Markus Pobitzer,Filip Janicki,Mattia Rigotti,Cristiano Malossi
2024-02-26
Abstract:Instance segmentation datasets play a crucial role in training accurate and robust computer vision models. However, obtaining accurate mask annotations to produce high-quality segmentation datasets is a costly and labor-intensive process. In this work, we show how this issue can be mitigated by starting with small annotated instance segmentation datasets and augmenting them to effectively obtain a sizeable annotated dataset. We achieve that by creating variations of the available annotated object instances in a way that preserves the provided mask annotations, thereby resulting in new image-mask pairs to be added to the set of annotated images. Specifically, we generate new images using a diffusion-based inpainting model to fill out the masked area with a desired object class by guiding the diffusion through the object outline. We show that the object outline provides a simple, but also reliable and convenient training-free guidance signal for the underlying inpainting model that is often sufficient to fill out the mask with an object of the correct class without further text guidance and preserve the correspondence between generated images and the mask annotations with high precision. Our experimental results reveal that our method successfully generates realistic variations of object instances, preserving their shape characteristics while introducing diversity within the augmented area. We also show that the proposed method can naturally be combined with text guidance and other image augmentation techniques.
Computer Science
What problem does this paper attempt to address?

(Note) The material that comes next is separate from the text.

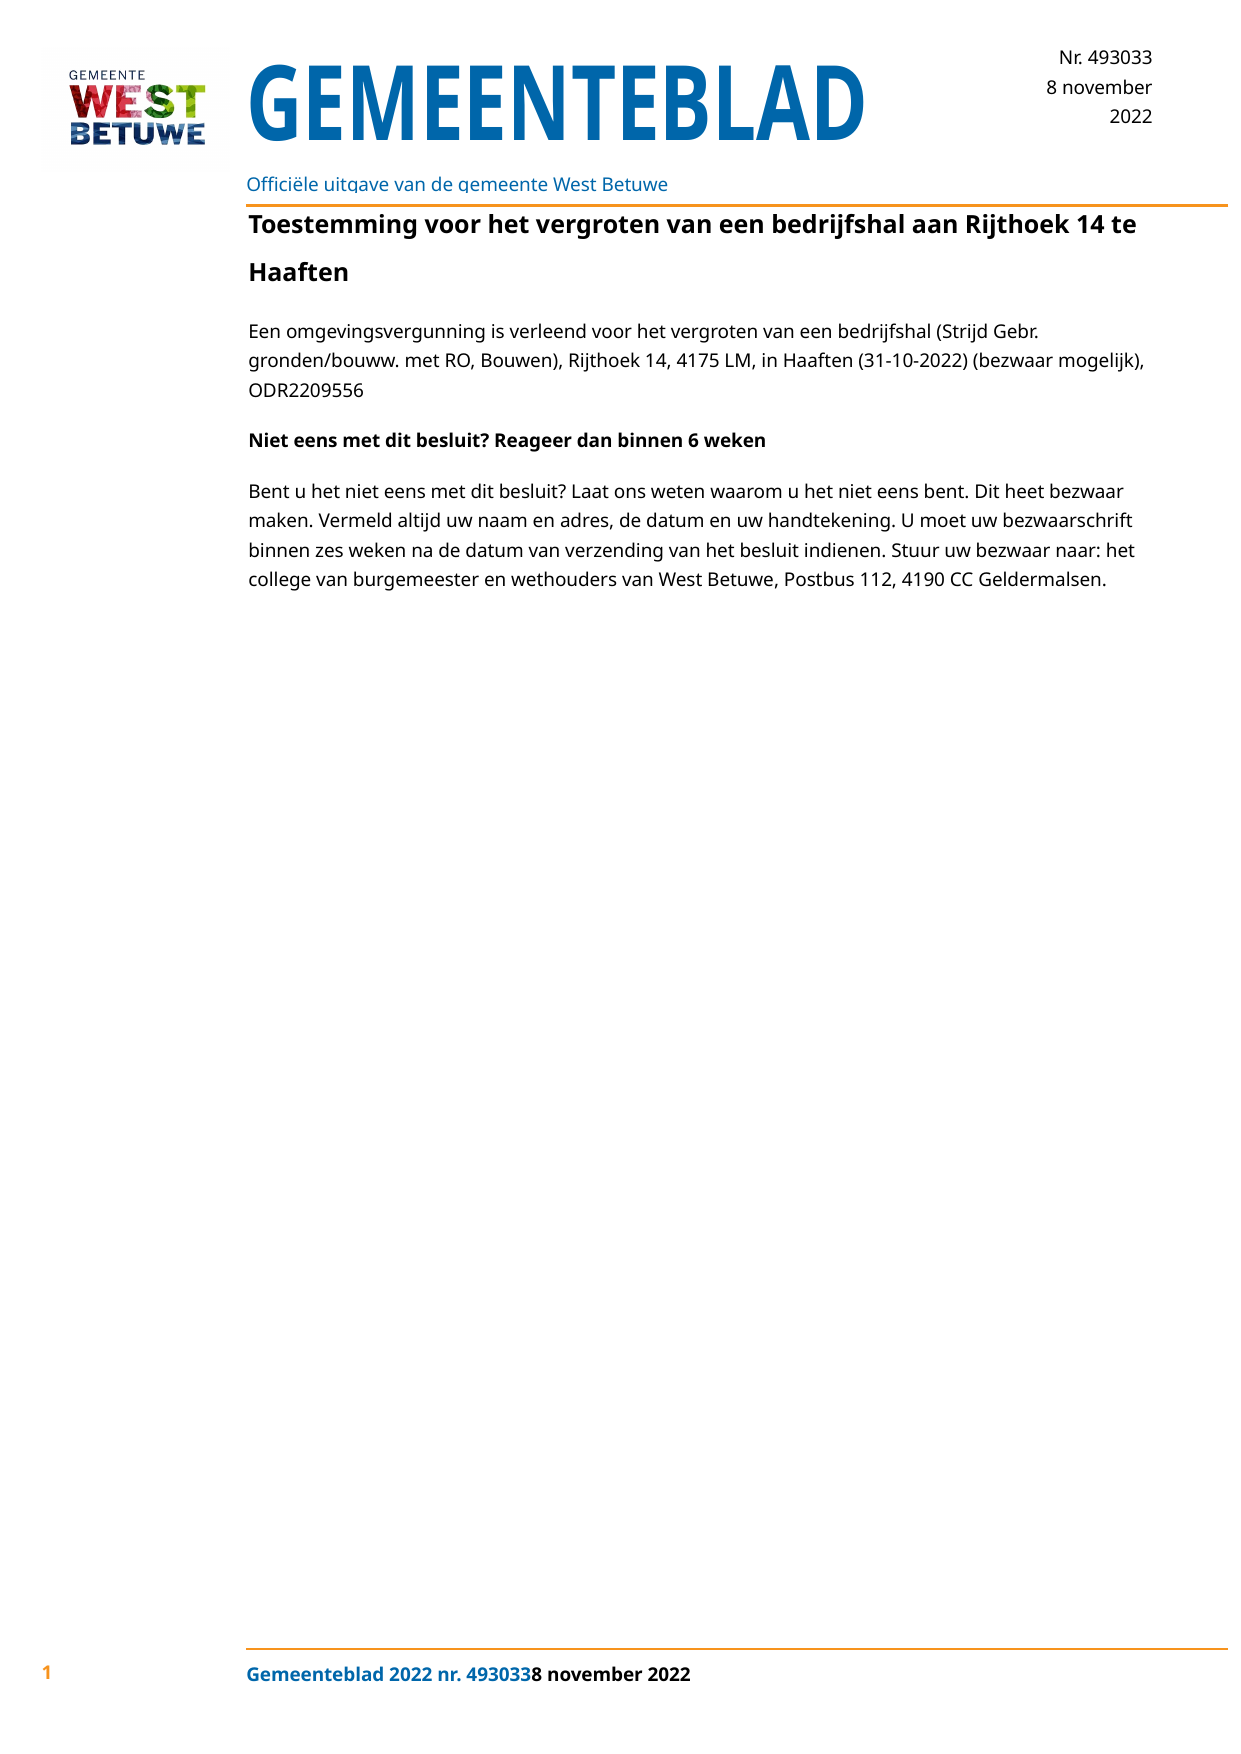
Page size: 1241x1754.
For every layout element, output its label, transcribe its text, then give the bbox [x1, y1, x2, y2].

The problem that this paper attempts to solve is: how to enhance the existing instance segmentation datasets by generating new images using Diffusion Models, so as to reduce the annotation cost and workload. Specifically, the author proposes an image inpainting method based on the diffusion model. The model fills the occluded areas guided by the object contours, thereby generating new images and corresponding mask annotation pairs. These newly generated data can be used to expand the training dataset. This method can not only maintain the consistency between the generated image and the original mask annotation, but also effectively generate the correct object category without introducing additional text guidance, while retaining the shape features of the object and increasing the diversity of the dataset. The main contributions of the paper include: 1. Proposing a method of using the diffusion model to create synthetic object variants, which can closely follow the contours of the original object while retaining the original object mask. 2. Demonstrating the effectiveness of the object contour as a simple, indirect but robust guiding mechanism for the latent diffusion inpainting model. 3. Demonstrating the adaptability of this guiding mechanism under various image operations, such as scaling, flipping and color change, and showing its application in data augmentation. Through this method, researchers can significantly increase the size of the instance segmentation dataset while maintaining high quality, which is helpful for training more accurate and robust computer vision models.